Кунц вышел, отдав честь полковнику и поклонившись Эстеву.
Допрос Капеля был по всем пунктам аналогичен допросу Кунца. Лицо у Финуа вытянулось. Успех, который он уже предвкушал, ускользал от него.
— Тут сам черт не разберет! Бесполезно пытаться выяснять их дела и поступки после убийства: так нам никогда не узнать, где они могли спрятать оружие; я отступаюсь от этого — лишь бы его нашли. В результате — трое возможных виновных, тут с ума можно сойти.
Вот почему Легэна он встретил мрачной иронией, которая плохо скрывала его возраставшие беспокойство и злобу.
— Месье, я подозреваю, что и вы, подобно вашим товарищам, могли бы в подходящий момент оказаться у лифта с автоматом 4317 в руках и что никто не может этого опровергнуть. Как и они, вы могли бы затем спрятать оружие в любом месте. Как и они, хотя ваше положение весьма щекотливо, вы не знаете никакого факта какого бы то ни было свойства, который мог бы навести на след виновного и, следовательно, снять обвинение с вас.
— Все верно.
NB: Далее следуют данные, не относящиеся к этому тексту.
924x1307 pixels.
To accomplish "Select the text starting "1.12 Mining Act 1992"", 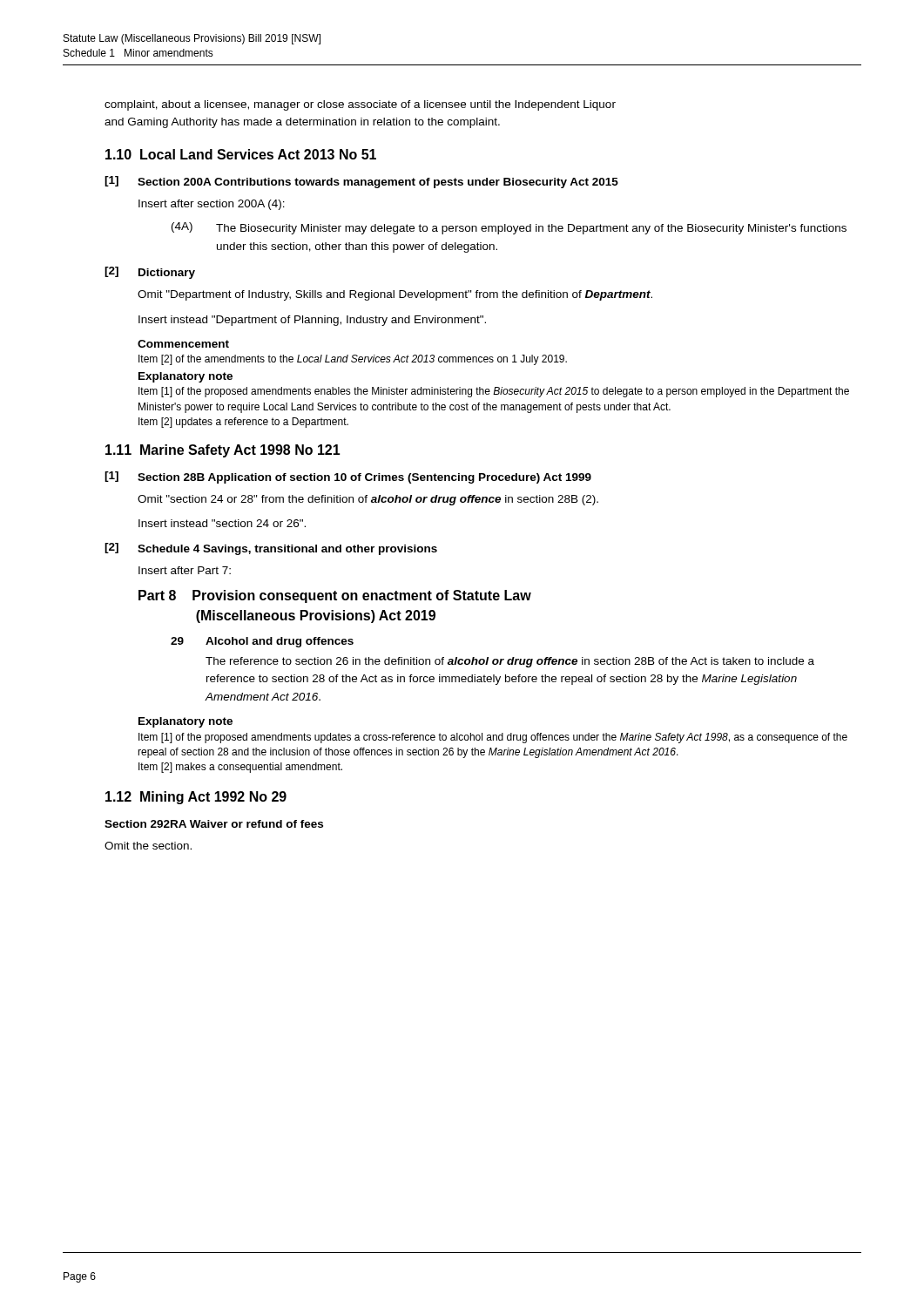I will [196, 797].
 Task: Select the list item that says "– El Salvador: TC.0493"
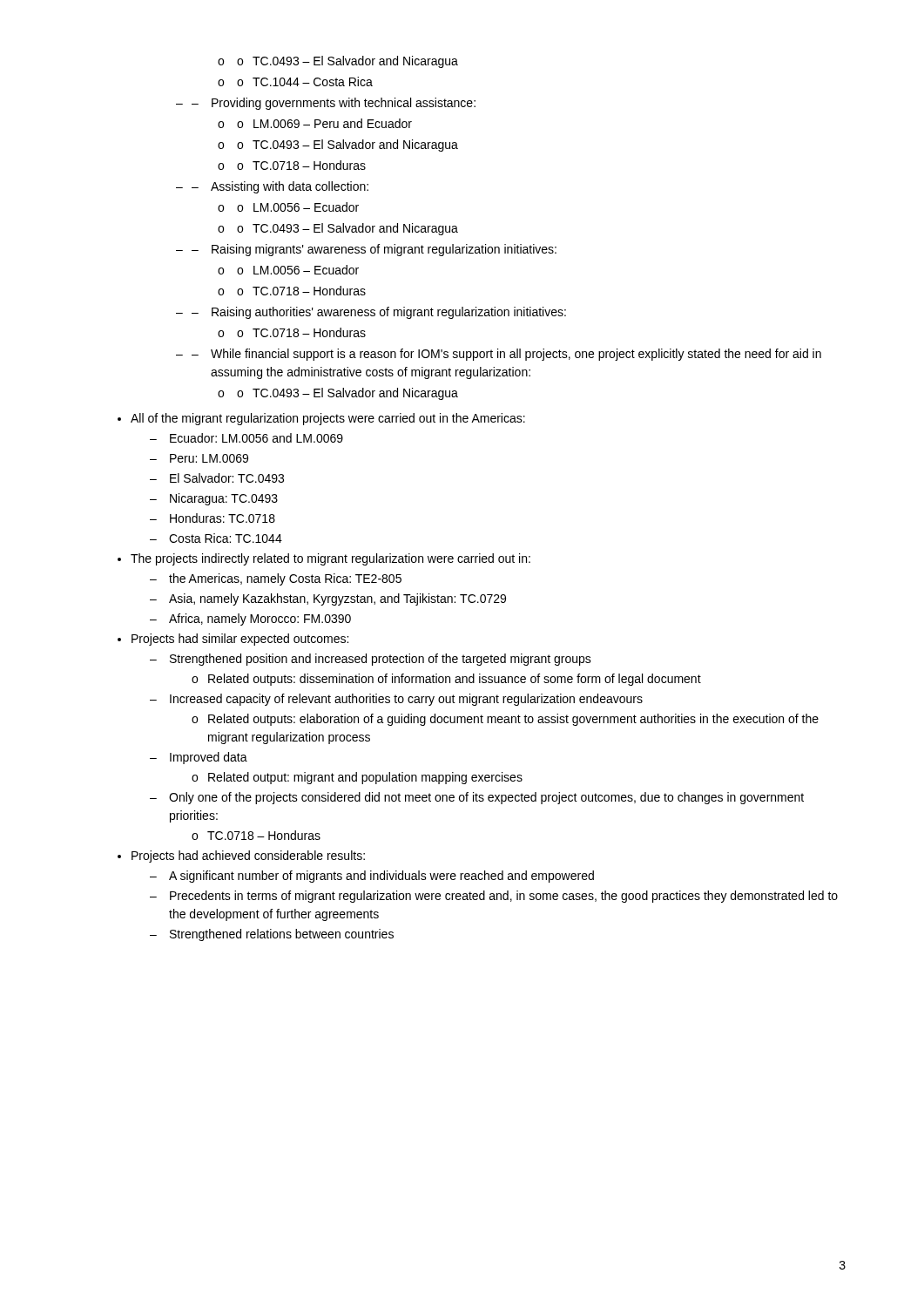(x=217, y=479)
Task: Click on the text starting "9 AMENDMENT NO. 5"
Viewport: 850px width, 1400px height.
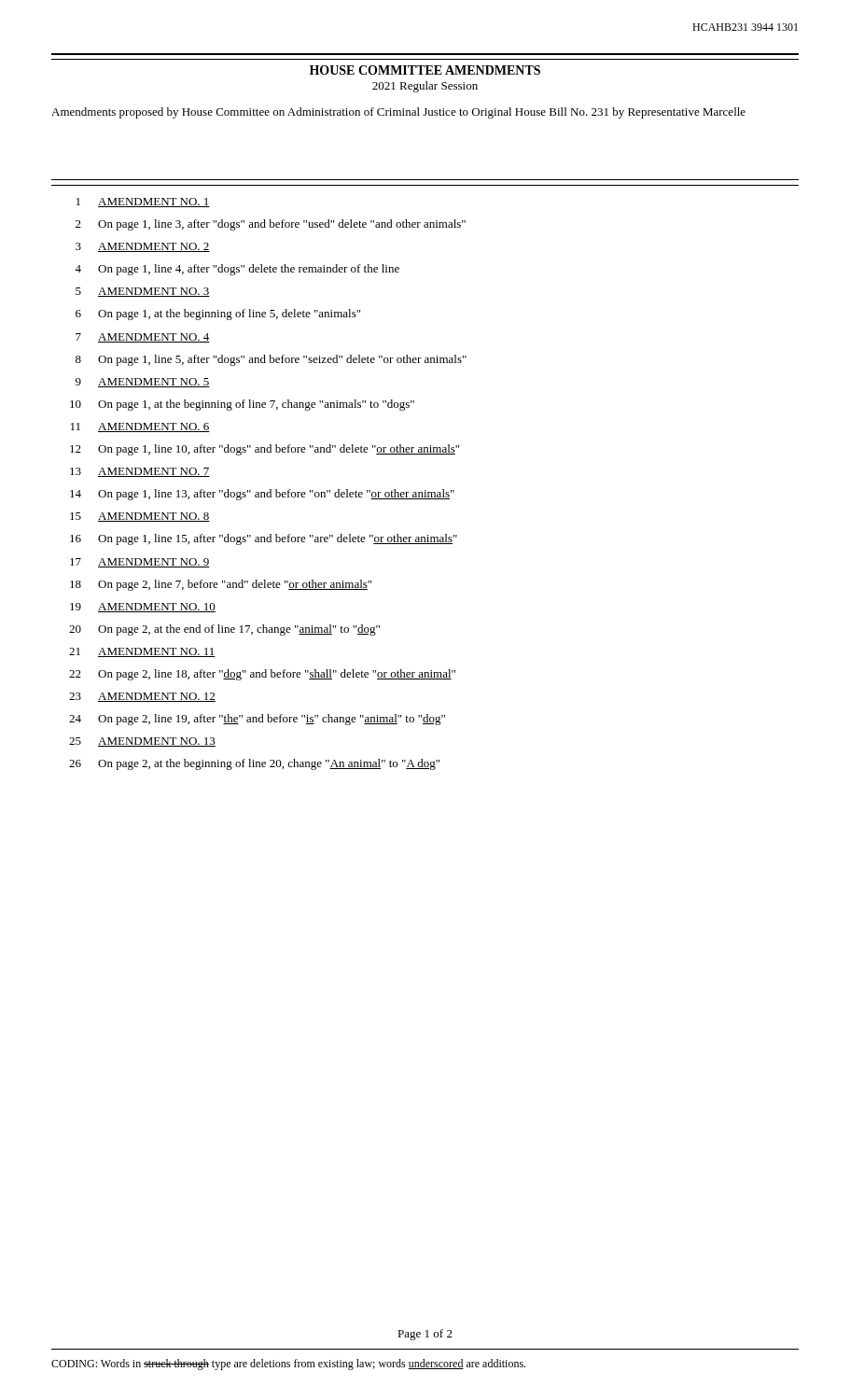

И поскольку нам нечего больше сказать друг другу… комиссар, таким образом… комиссар, я прощаюсь с вами и ухожу.
На этот раз Финуа взорвался:
— Как, месье, неужели вы хотите заставить меня думать, что умному человеку, живущему здесь бок о бок с жертвами и с преступниками или преступником, нечего сказать правосудию. Неужели у вас нет никаких наблюдений о личности, характере майора д'Эспинака и капитана Дюбуа? Не могли бы вы сказать нам, только ли друзья окружали их? Не задавали ли вы себе такой вопрос: «Хотели убить одного или другого, либо и того и другого?» У вас нет никаких подозрений? «Ничего и никого»,— сказал мне один из ваших коллег. Хоть бейся головой о стену.
— Не стоит так утруждать себя из-за меня.
— Впервые в своей практике я наталкиваюсь на такое конспиративное молчание, на столь вызывающую враждебность…
— Вызывающую — это не то слово, комиссар. Можно провиниться в дерзости лишь по отношению к вышестоящему. Но… в данном случае вы должны пенять на себя самого. Вы являетесь сюда и с первой минуты настраиваете против себя всех. Вы третируете нашего капитана, которого мы все уважаем, который является героем войны. Вдобавок ко всему у нас создается такое впечатление, что вы не владеете ситуацией…
Финуа остолбенел. А когда обрел дар речи, закричал:
— Выйдите, месье, я привлеку вас за оскорбление магистрата при исполнении служебных обязанностей.
— Что ж, — сказал Легэн.— Это всех насмешит.
И, повернувшись к начальнику, произнес вопросительно:
— Господин полковник?
— Ступайте, Легэн, благодарю вас.
Уже во второй раз комиссар восстановил буквально всех против себя.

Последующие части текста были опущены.